_TASK ITEM_
Quote all entries exactly, leaving pictures aside.

_DATASET_
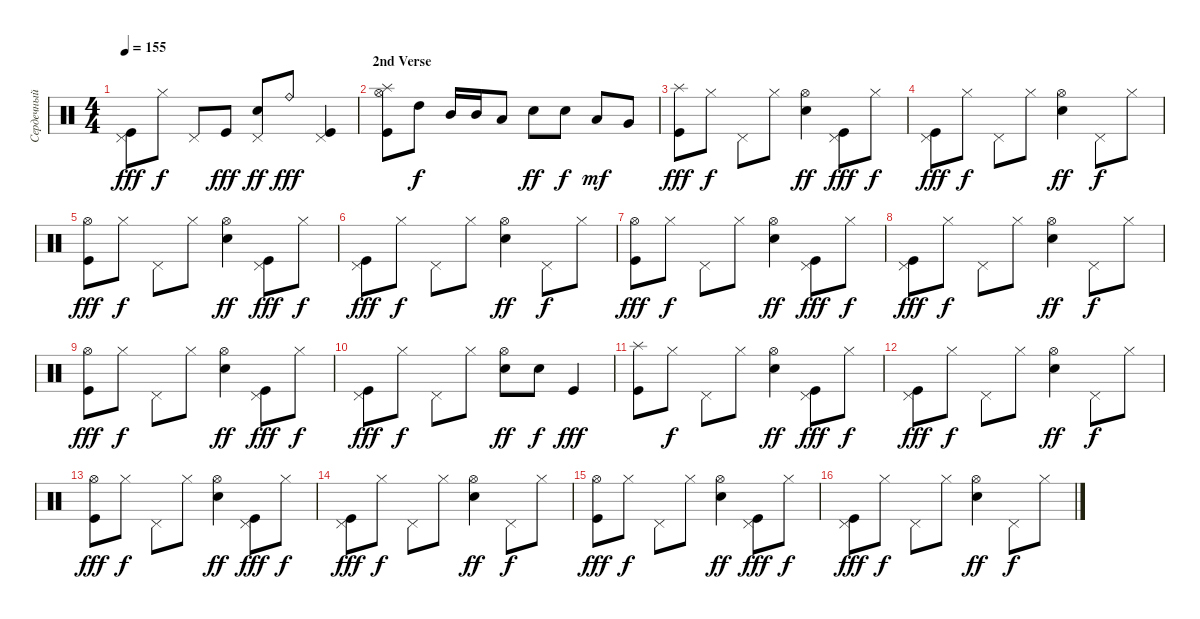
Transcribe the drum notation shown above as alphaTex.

\track ("Сердечный (Ударные)" "Сердечный ") {instrument percussion}
\staff {score}
\articulation defaults
\ts (4 4)
\tempo 155
\clef neutral
\ks c
("Kick (hit)" "Pedal Hi-Hat (hit)").8{dy fff} "Hi-Hat (closed)".8{dy f} "Pedal Hi-Hat (hit)".8 "Kick (hit)".8{dy fff} ("Electric Snare (hit)" "Pedal Hi-Hat (hit)").8{dy ff} "Ride (bell)".8{dy fff} ("Kick (hit)" "Pedal Hi-Hat (hit)").4 |
\section ("" "2nd Verse")
("Hi-Hat (open)" "Splash (hit)" "Kick (hit)").8 "High Tom (hit)".8{dy f} "Mid Tom (hit)".16 "Mid Tom (hit)".16 "Low Tom (hit)".8 "Electric Snare (hit)".8{dy ff} "Electric Snare (hit)".8{dy f} "Low Tom (hit)".8{dy mf} "Very Low Tom (hit)".8 |
("Splash (hit)" "Kick (hit)").8{dy fff} "Hi-Hat (closed)".8{dy f} "Pedal Hi-Hat (hit)".8 "Hi-Hat (closed)".8 ("Hi-Hat (open)" "Electric Snare (hit)").4{dy ff} ("Kick (hit)" "Pedal Hi-Hat (hit)").8{dy fff} "Hi-Hat (closed)".8{dy f} |
("Kick (hit)" "Pedal Hi-Hat (hit)").8{dy fff} "Hi-Hat (closed)".8{dy f} "Pedal Hi-Hat (hit)".8 "Hi-Hat (closed)".8 ("Hi-Hat (open)" "Electric Snare (hit)").4{dy ff} "Pedal Hi-Hat (hit)".8{dy f} "Hi-Hat (closed)".8 |
("Hi-Hat (open)" "Kick (hit)").8{dy fff} "Hi-Hat (closed)".8{dy f} "Pedal Hi-Hat (hit)".8 "Hi-Hat (closed)".8 ("Hi-Hat (open)" "Electric Snare (hit)").4{dy ff} ("Kick (hit)" "Pedal Hi-Hat (hit)").8{dy fff} "Hi-Hat (closed)".8{dy f} |
("Kick (hit)" "Pedal Hi-Hat (hit)").8{dy fff} "Hi-Hat (closed)".8{dy f} "Pedal Hi-Hat (hit)".8 "Hi-Hat (closed)".8 ("Hi-Hat (open)" "Electric Snare (hit)").4{dy ff} "Pedal Hi-Hat (hit)".8{dy f} "Hi-Hat (closed)".8 |
("Hi-Hat (open)" "Kick (hit)").8{dy fff} "Hi-Hat (closed)".8{dy f} "Pedal Hi-Hat (hit)".8 "Hi-Hat (closed)".8 ("Hi-Hat (open)" "Electric Snare (hit)").4{dy ff} ("Kick (hit)" "Pedal Hi-Hat (hit)").8{dy fff} "Hi-Hat (closed)".8{dy f} |
("Kick (hit)" "Pedal Hi-Hat (hit)").8{dy fff} "Hi-Hat (closed)".8{dy f} "Pedal Hi-Hat (hit)".8 "Hi-Hat (closed)".8 ("Hi-Hat (open)" "Electric Snare (hit)").4{dy ff} "Pedal Hi-Hat (hit)".8{dy f} "Hi-Hat (closed)".8 |
("Hi-Hat (open)" "Kick (hit)").8{dy fff} "Hi-Hat (closed)".8{dy f} "Pedal Hi-Hat (hit)".8 "Hi-Hat (closed)".8 ("Hi-Hat (open)" "Electric Snare (hit)").4{dy ff} ("Kick (hit)" "Pedal Hi-Hat (hit)").8{dy fff} "Hi-Hat (closed)".8{dy f} |
("Kick (hit)" "Pedal Hi-Hat (hit)").8{dy fff} "Hi-Hat (closed)".8{dy f} "Pedal Hi-Hat (hit)".8 "Hi-Hat (closed)".8 ("Hi-Hat (open)" "Electric Snare (hit)").8{dy ff} "Electric Snare (hit)".8{dy f} "Kick (hit)".4{dy fff} |
("Splash (hit)" "Kick (hit)").8 "Hi-Hat (closed)".8{dy f} "Pedal Hi-Hat (hit)".8 "Hi-Hat (closed)".8 ("Hi-Hat (open)" "Electric Snare (hit)").4{dy ff} ("Kick (hit)" "Pedal Hi-Hat (hit)").8{dy fff} "Hi-Hat (closed)".8{dy f} |
("Kick (hit)" "Pedal Hi-Hat (hit)").8{dy fff} "Hi-Hat (closed)".8{dy f} "Pedal Hi-Hat (hit)".8 "Hi-Hat (closed)".8 ("Hi-Hat (open)" "Electric Snare (hit)").4{dy ff} "Pedal Hi-Hat (hit)".8{dy f} "Hi-Hat (closed)".8 |
("Hi-Hat (open)" "Kick (hit)").8{dy fff} "Hi-Hat (closed)".8{dy f} "Pedal Hi-Hat (hit)".8 "Hi-Hat (closed)".8 ("Hi-Hat (open)" "Electric Snare (hit)").4{dy ff} ("Kick (hit)" "Pedal Hi-Hat (hit)").8{dy fff} "Hi-Hat (closed)".8{dy f} |
("Kick (hit)" "Pedal Hi-Hat (hit)").8{dy fff} "Hi-Hat (closed)".8{dy f} "Pedal Hi-Hat (hit)".8 "Hi-Hat (closed)".8 ("Hi-Hat (open)" "Electric Snare (hit)").4{dy ff} "Pedal Hi-Hat (hit)".8{dy f} "Hi-Hat (closed)".8 |
("Hi-Hat (open)" "Kick (hit)").8{dy fff} "Hi-Hat (closed)".8{dy f} "Pedal Hi-Hat (hit)".8 "Hi-Hat (closed)".8 ("Hi-Hat (open)" "Electric Snare (hit)").4{dy ff} ("Kick (hit)" "Pedal Hi-Hat (hit)").8{dy fff} "Hi-Hat (closed)".8{dy f} |
("Kick (hit)" "Pedal Hi-Hat (hit)").8{dy fff} "Hi-Hat (closed)".8{dy f} "Pedal Hi-Hat (hit)".8 "Hi-Hat (closed)".8 ("Hi-Hat (open)" "Electric Snare (hit)").4{dy ff} "Pedal Hi-Hat (hit)".8{dy f} "Hi-Hat (closed)".8

_EXERCISE SOLUTION_
Transcribe the drum notation shown above as alphaTex.

\track ("Сердечный (Ударные)" "Сердечный ") {instrument percussion}
\staff {score}
\articulation defaults
\ts (4 4)
\tempo 155
\clef neutral
\ks c
("Kick (hit)" "Pedal Hi-Hat (hit)").8{dy fff} "Hi-Hat (closed)".8{dy f} "Pedal Hi-Hat (hit)".8 "Kick (hit)".8{dy fff} ("Electric Snare (hit)" "Pedal Hi-Hat (hit)").8{dy ff} "Ride (bell)".8{dy fff} ("Kick (hit)" "Pedal Hi-Hat (hit)").4 |
\section ("" "2nd Verse")
("Hi-Hat (open)" "Splash (hit)" "Kick (hit)").8 "High Tom (hit)".8{dy f} "Mid Tom (hit)".16 "Mid Tom (hit)".16 "Low Tom (hit)".8 "Electric Snare (hit)".8{dy ff} "Electric Snare (hit)".8{dy f} "Low Tom (hit)".8{dy mf} "Very Low Tom (hit)".8 |
("Splash (hit)" "Kick (hit)").8{dy fff} "Hi-Hat (closed)".8{dy f} "Pedal Hi-Hat (hit)".8 "Hi-Hat (closed)".8 ("Hi-Hat (open)" "Electric Snare (hit)").4{dy ff} ("Kick (hit)" "Pedal Hi-Hat (hit)").8{dy fff} "Hi-Hat (closed)".8{dy f} |
("Kick (hit)" "Pedal Hi-Hat (hit)").8{dy fff} "Hi-Hat (closed)".8{dy f} "Pedal Hi-Hat (hit)".8 "Hi-Hat (closed)".8 ("Hi-Hat (open)" "Electric Snare (hit)").4{dy ff} "Pedal Hi-Hat (hit)".8{dy f} "Hi-Hat (closed)".8 |
("Hi-Hat (open)" "Kick (hit)").8{dy fff} "Hi-Hat (closed)".8{dy f} "Pedal Hi-Hat (hit)".8 "Hi-Hat (closed)".8 ("Hi-Hat (open)" "Electric Snare (hit)").4{dy ff} ("Kick (hit)" "Pedal Hi-Hat (hit)").8{dy fff} "Hi-Hat (closed)".8{dy f} |
("Kick (hit)" "Pedal Hi-Hat (hit)").8{dy fff} "Hi-Hat (closed)".8{dy f} "Pedal Hi-Hat (hit)".8 "Hi-Hat (closed)".8 ("Hi-Hat (open)" "Electric Snare (hit)").4{dy ff} "Pedal Hi-Hat (hit)".8{dy f} "Hi-Hat (closed)".8 |
("Hi-Hat (open)" "Kick (hit)").8{dy fff} "Hi-Hat (closed)".8{dy f} "Pedal Hi-Hat (hit)".8 "Hi-Hat (closed)".8 ("Hi-Hat (open)" "Electric Snare (hit)").4{dy ff} ("Kick (hit)" "Pedal Hi-Hat (hit)").8{dy fff} "Hi-Hat (closed)".8{dy f} |
("Kick (hit)" "Pedal Hi-Hat (hit)").8{dy fff} "Hi-Hat (closed)".8{dy f} "Pedal Hi-Hat (hit)".8 "Hi-Hat (closed)".8 ("Hi-Hat (open)" "Electric Snare (hit)").4{dy ff} "Pedal Hi-Hat (hit)".8{dy f} "Hi-Hat (closed)".8 |
("Hi-Hat (open)" "Kick (hit)").8{dy fff} "Hi-Hat (closed)".8{dy f} "Pedal Hi-Hat (hit)".8 "Hi-Hat (closed)".8 ("Hi-Hat (open)" "Electric Snare (hit)").4{dy ff} ("Kick (hit)" "Pedal Hi-Hat (hit)").8{dy fff} "Hi-Hat (closed)".8{dy f} |
("Kick (hit)" "Pedal Hi-Hat (hit)").8{dy fff} "Hi-Hat (closed)".8{dy f} "Pedal Hi-Hat (hit)".8 "Hi-Hat (closed)".8 ("Hi-Hat (open)" "Electric Snare (hit)").8{dy ff} "Electric Snare (hit)".8{dy f} "Kick (hit)".4{dy fff} |
("Splash (hit)" "Kick (hit)").8 "Hi-Hat (closed)".8{dy f} "Pedal Hi-Hat (hit)".8 "Hi-Hat (closed)".8 ("Hi-Hat (open)" "Electric Snare (hit)").4{dy ff} ("Kick (hit)" "Pedal Hi-Hat (hit)").8{dy fff} "Hi-Hat (closed)".8{dy f} |
("Kick (hit)" "Pedal Hi-Hat (hit)").8{dy fff} "Hi-Hat (closed)".8{dy f} "Pedal Hi-Hat (hit)".8 "Hi-Hat (closed)".8 ("Hi-Hat (open)" "Electric Snare (hit)").4{dy ff} "Pedal Hi-Hat (hit)".8{dy f} "Hi-Hat (closed)".8 |
("Hi-Hat (open)" "Kick (hit)").8{dy fff} "Hi-Hat (closed)".8{dy f} "Pedal Hi-Hat (hit)".8 "Hi-Hat (closed)".8 ("Hi-Hat (open)" "Electric Snare (hit)").4{dy ff} ("Kick (hit)" "Pedal Hi-Hat (hit)").8{dy fff} "Hi-Hat (closed)".8{dy f} |
("Kick (hit)" "Pedal Hi-Hat (hit)").8{dy fff} "Hi-Hat (closed)".8{dy f} "Pedal Hi-Hat (hit)".8 "Hi-Hat (closed)".8 ("Hi-Hat (open)" "Electric Snare (hit)").4{dy ff} "Pedal Hi-Hat (hit)".8{dy f} "Hi-Hat (closed)".8 |
("Hi-Hat (open)" "Kick (hit)").8{dy fff} "Hi-Hat (closed)".8{dy f} "Pedal Hi-Hat (hit)".8 "Hi-Hat (closed)".8 ("Hi-Hat (open)" "Electric Snare (hit)").4{dy ff} ("Kick (hit)" "Pedal Hi-Hat (hit)").8{dy fff} "Hi-Hat (closed)".8{dy f} |
("Kick (hit)" "Pedal Hi-Hat (hit)").8{dy fff} "Hi-Hat (closed)".8{dy f} "Pedal Hi-Hat (hit)".8 "Hi-Hat (closed)".8 ("Hi-Hat (open)" "Electric Snare (hit)").4{dy ff} "Pedal Hi-Hat (hit)".8{dy f} "Hi-Hat (closed)".8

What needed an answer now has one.